Проснувшись, мы приветствовали великолепное солнце, обещавшее прекрасный, но жаркий день, и продолжили путь по все той же песчаной равнине; затем наш караван снова вступил в одно из каменистых вади с вулканическими горами и гранитными отвесными стенами, вдоль которых струятся, словно каскады света, солнечные лучи. Нас заранее пугал предстоящий полуденный привал среди подобного пекла, как вдруг за одним из поворотов этой долины мы остановились, замерев от удивления и восторга. Горы, великолепные по цвету и форме, вырисовались перед нами во всей своей суровой наготе на фоне чистейшего голубого неба.

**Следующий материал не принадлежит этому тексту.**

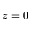<formula> <loc_0><loc_0><loc_500><loc_500>z = 0</formula>

Именно здесь разыгрывались грандиозные сцены, о которых рассказывает библейская книга Исход. Эти гранитные громады были достойны того, чтобы Бог избрал их своим троном, и нигде в мире, я полагаю, не нашлось бы более сурового и величественного места, где должен был прозвучать голос Господа, давшего Моисею законы, по которым предстояло жить его народу. И перед лицом этой безмолвной, нагой и печальной природы, там, где между бесплодными скалами не пробивается ни травинки, евреям суждено было понять, что ждать помощи им приходится только от Неба и все свои надежды возлагать лишь на Бога. И вот эти края, среди подобных первозданных пейзажей, избрали своей родиной наши арабы, поклоняющиеся, как и все дикие народы, великим картинам природы. Горизонт, развернувшийся перед нашими глазами, был тем самым, какой они славили при каждом восходе и заходе солнца. Потрясенные, как и мы, видом этой грандиозной панорамы и к тому же умиленные возвращением в родные места, они затихли и прекратили всякие разговоры; после минутной остановки, вызванной этим неожиданным зрелищем, караван продолжил путь, пребывая в молчании и задумчивости, тогда как наши дромадеры, по собственной воле ускорив шаг, убедили нас, что им не меньше, чем их хозяевам, присуща любовь к родине. По прошествии пяти часов пути по этой великолепной пустыне мы увидели на противоположной стороне лощины лагерь племени аулад- саид.